What the exercise asks> From the first line to the last, give the records again exactly and skip the pictures.

Excerpted records>
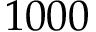<formula> <loc_0><loc_0><loc_500><loc_500>1 0 0 0</formula> 
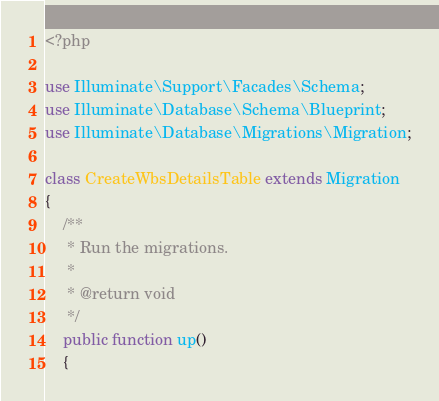Convert code to text. <code><loc_0><loc_0><loc_500><loc_500><_PHP_><?php

use Illuminate\Support\Facades\Schema;
use Illuminate\Database\Schema\Blueprint;
use Illuminate\Database\Migrations\Migration;

class CreateWbsDetailsTable extends Migration
{
    /**
     * Run the migrations.
     *
     * @return void
     */
    public function up()
    {</code> 
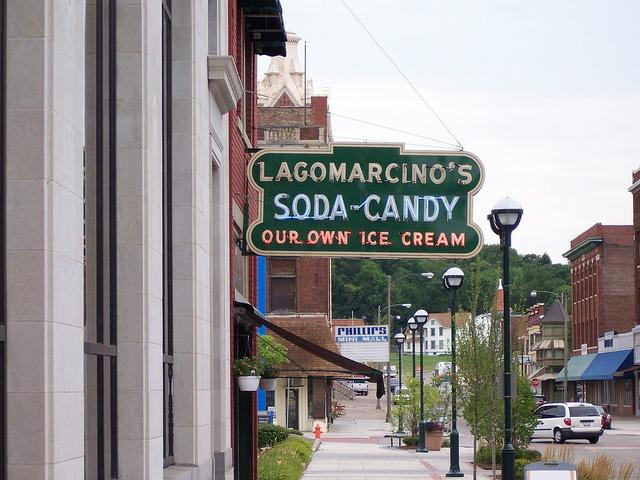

Answer space>
<formula> <loc_0><loc_0><loc_500><loc_500>1 0 0 0</formula> 
Convert code to text. <code><loc_0><loc_0><loc_500><loc_500><_PHP_><?php

use Illuminate\Support\Facades\Schema;
use Illuminate\Database\Schema\Blueprint;
use Illuminate\Database\Migrations\Migration;

class CreateWbsDetailsTable extends Migration
{
    /**
     * Run the migrations.
     *
     * @return void
     */
    public function up()
    {</code> 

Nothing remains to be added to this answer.